── Record excerpts

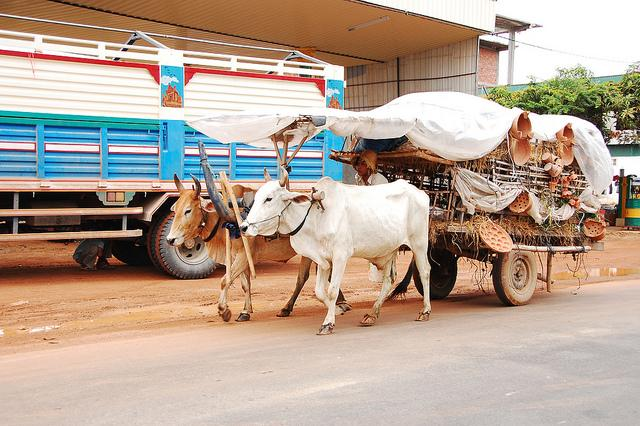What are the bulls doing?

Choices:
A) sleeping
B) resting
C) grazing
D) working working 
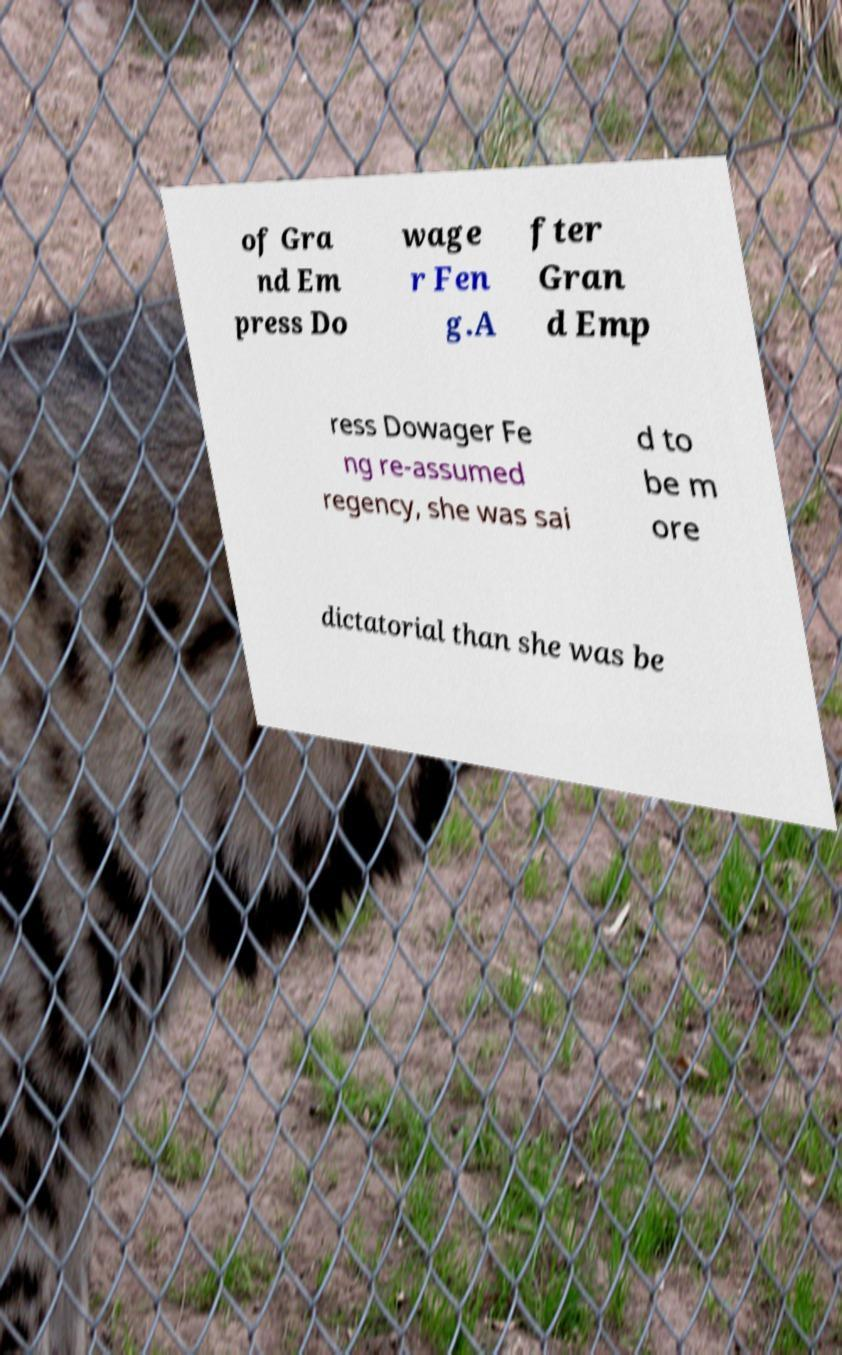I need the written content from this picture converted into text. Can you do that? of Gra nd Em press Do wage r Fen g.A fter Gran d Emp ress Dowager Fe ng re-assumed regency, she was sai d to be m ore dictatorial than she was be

────
── Record excerpts

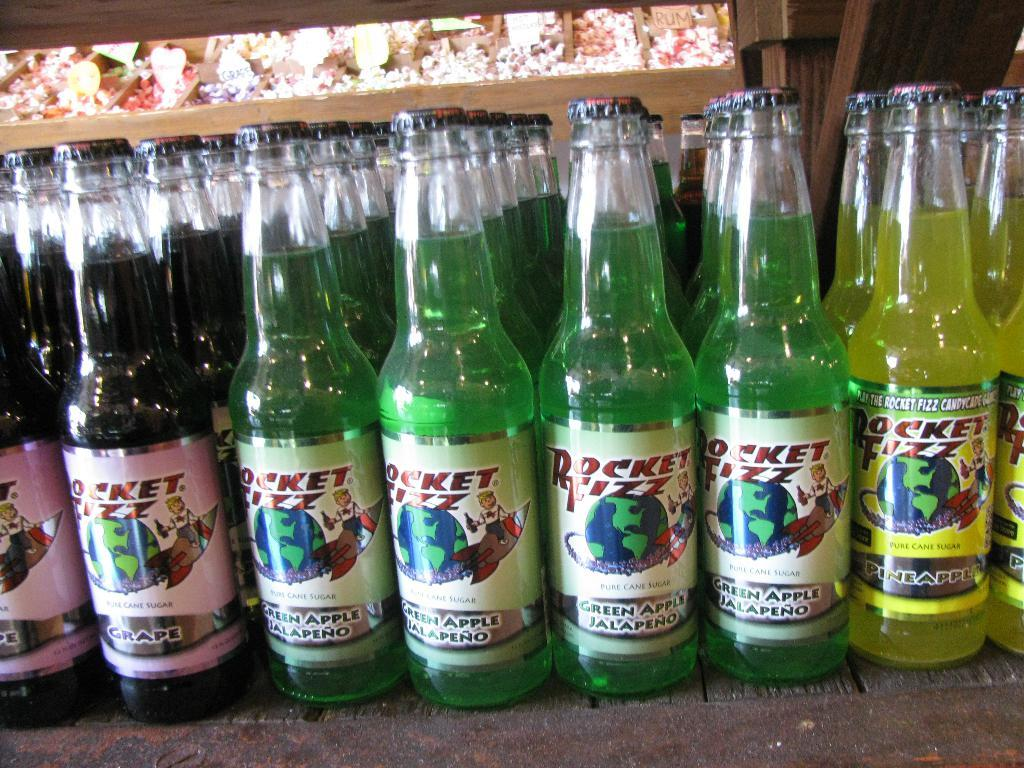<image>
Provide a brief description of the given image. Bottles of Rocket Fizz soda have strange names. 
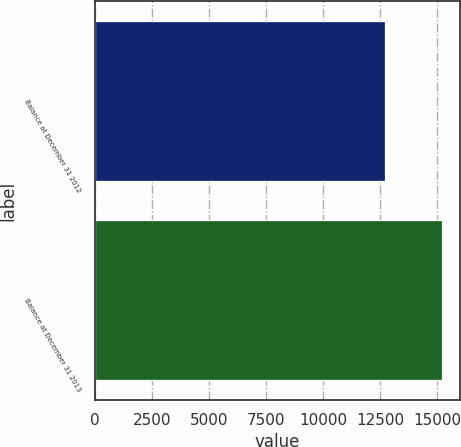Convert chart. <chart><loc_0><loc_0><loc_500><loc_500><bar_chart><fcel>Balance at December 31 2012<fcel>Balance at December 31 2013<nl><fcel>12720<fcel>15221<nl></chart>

────
── Record excerpts

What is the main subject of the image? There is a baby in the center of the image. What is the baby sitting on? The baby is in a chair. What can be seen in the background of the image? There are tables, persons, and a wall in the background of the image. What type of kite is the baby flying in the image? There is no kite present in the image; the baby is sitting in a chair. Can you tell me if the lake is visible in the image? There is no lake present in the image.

────

» **About this task**
Reproduce exactly the lines above that run from the one with "D) working working" to the one with "I need the written", both included, leaving pictures out.

» **Solution for this exercise**
D) working working 
I need the written content from this picture converted into text. Can you do that? of Gra nd Em press Do wage r Fen g.A fter Gran d Emp ress Dowager Fe ng re-assumed regency, she was sai d to be m ore dictatorial than she was be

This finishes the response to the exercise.